What are the risk factors for kidney disease of diabetes?
If you're living with diabetes, factors that can increase your risk of diabetic nephropathy include:
- Uncontrolled high blood sugar (hyperglycemia)
- Uncontrolled high blood pressure (hypertension)
- Being a smoker
- High blood cholesterol
- Obesity
- A family history of diabetes and kidney disease
Is there a cure/medications for kidney disease of diabetes?
The initial step in treating diabetic nephropathy is controlling the sugar level/diabetes and high blood pressure (hypertension).
- Diet, lifestyle changes, exercise, and prescription medications can help control diabetes.
- Proper management of your blood sugar and hypertension, can help prevent or delay kidney dysfunction and other complications.
- However, if you are already affected by diabetic nephropathy, your treatment plan may include medications.
- Medications like angiotensin-converting enzyme (ACE) inhibitors and angiotensin 2 receptor blockers (ARBs) are used to treat high blood pressure.
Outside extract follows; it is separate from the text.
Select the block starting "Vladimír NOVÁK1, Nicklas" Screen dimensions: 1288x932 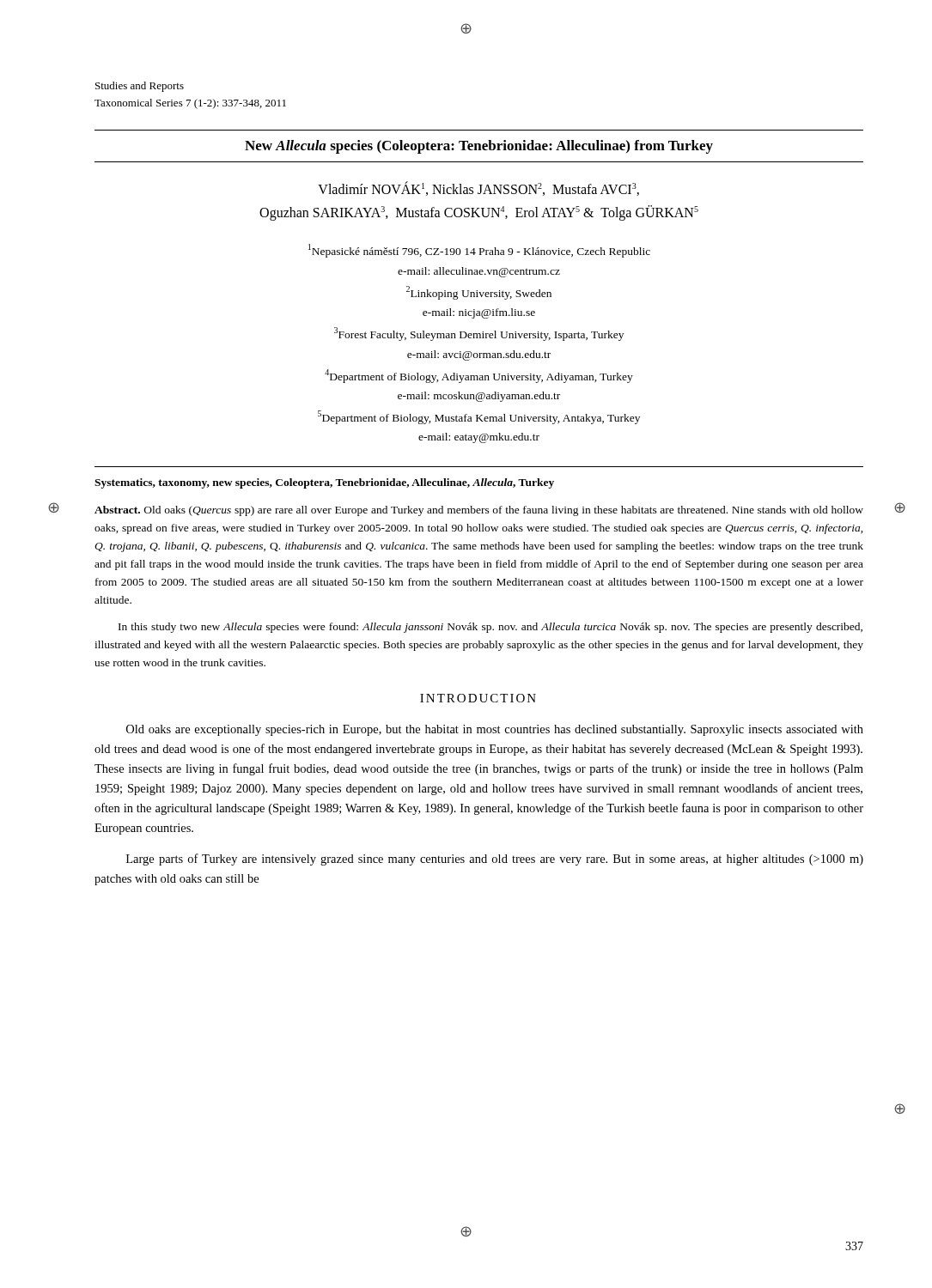coord(479,200)

- Medications like Metformin (Fortamet, Glumetza, others) can help control high blood sugar in people with diabetic nephropathy. These medications improve insulin sensitivity and lower glucose production in the liver.
- In the case of low blood sugar, Glucagon-like peptide 1 (GLP-1) receptor agonists can help by slowing digestion and stimulating insulin secretion in response to rising glucose levels.
- SGLT2 inhibitors limit the return of glucose to the bloodstream, leading to increased glucose excretion in the urine.
- Cholesterol-lowering drugs like statins are used to treat high cholesterol and reduce protein in the urine.
- Medications like Finerenone (Kerendia) disrupt molecular activity believed to cause inflammation and tissue scarring in diabetic nephropathy.